#### WHAT IS REQUIRED
Reproduce all lines of the listing below in which the word "deque" occurs.

[Opening MATERIAL SHOWN section]

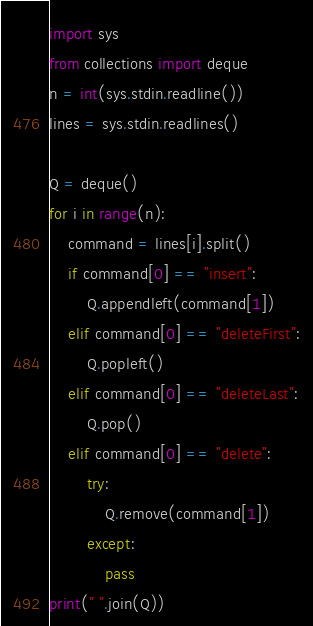<code> <loc_0><loc_0><loc_500><loc_500><_Python_>import sys
from collections import deque
n = int(sys.stdin.readline())
lines = sys.stdin.readlines()
 
Q = deque()
for i in range(n):
    command = lines[i].split()
    if command[0] == "insert":
        Q.appendleft(command[1])
    elif command[0] == "deleteFirst":
        Q.popleft()
    elif command[0] == "deleteLast":
        Q.pop()
    elif command[0] == "delete":
        try:
            Q.remove(command[1])
        except:
            pass
print(" ".join(Q))</code> 
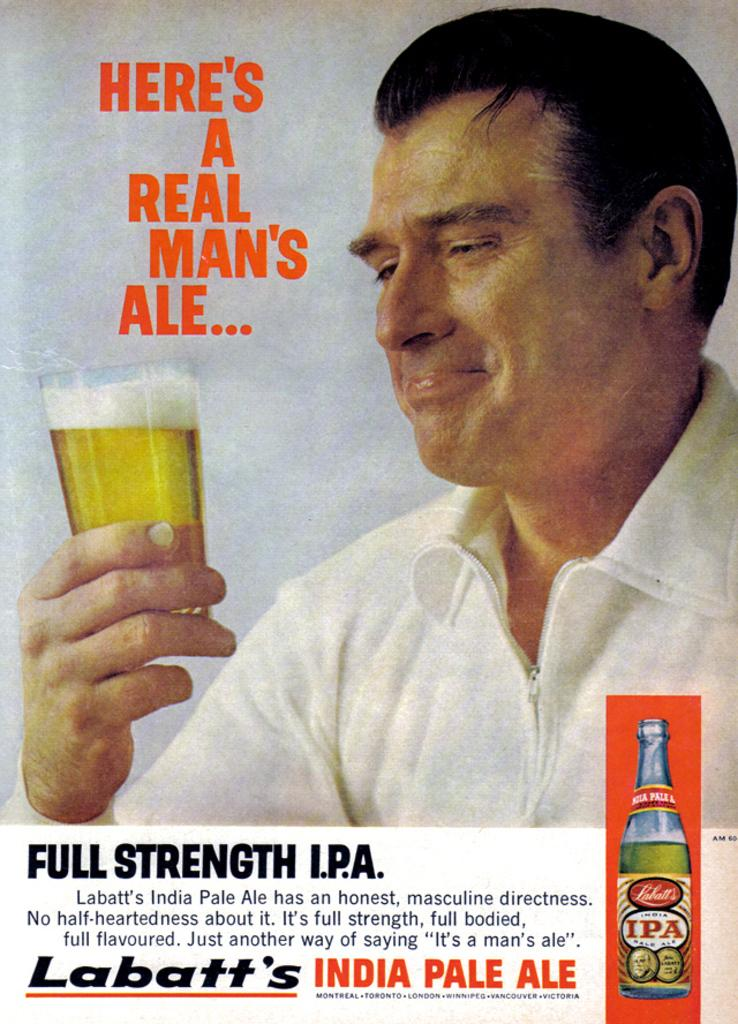What is featured on the poster in the image? There is a poster in the image, and it contains a picture of a person. What is the person in the picture doing? The person in the picture is holding a glass. Is there any text on the poster? Yes, there is text written on the poster. How many police officers are visible in the image? There are no police officers present in the image; it features a poster with a person holding a glass. Are there any mice running around on the poster? There are no mice present on the poster; it features a person holding a glass and text. 
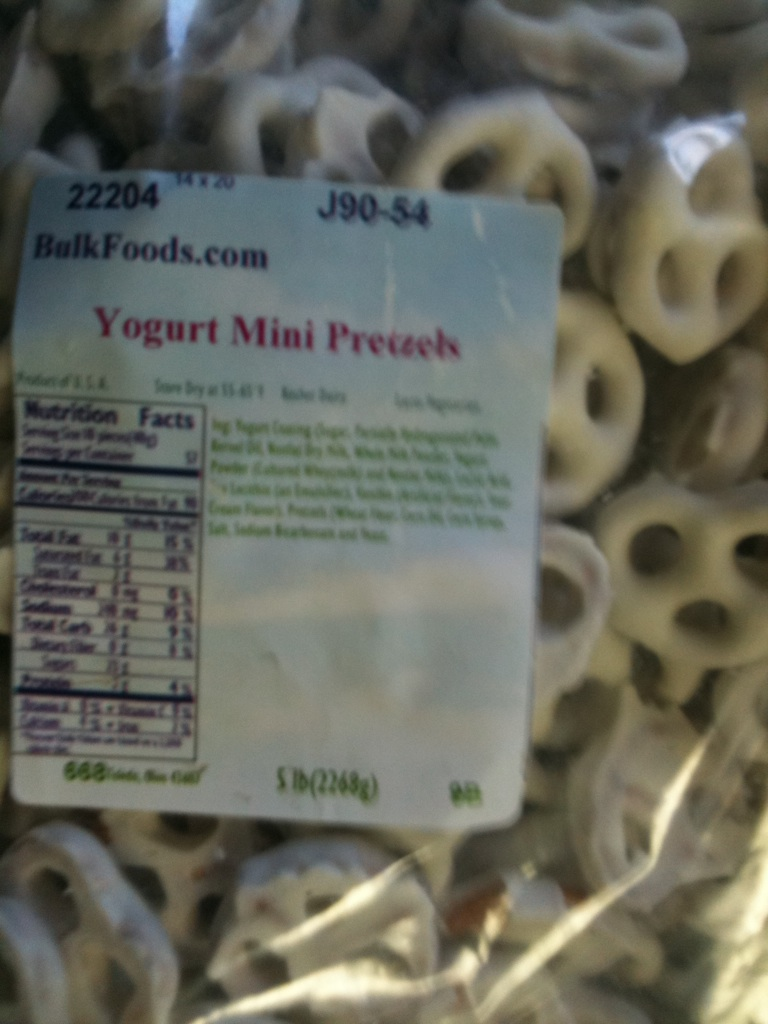What flavors can you taste in this snack? In Yogurt Mini Pretzels, you can experience a delightful combination of contrasting flavors. The crunchy, salty taste of the pretzel pairs wonderfully with the sweet and tangy yogurt coating, creating a balanced snack that is both satisfying and delicious.

[Closing MATERIAL SHOWN section]

#### SOLUTION TO THIS EXERCISE
from collections import deque
Q = deque()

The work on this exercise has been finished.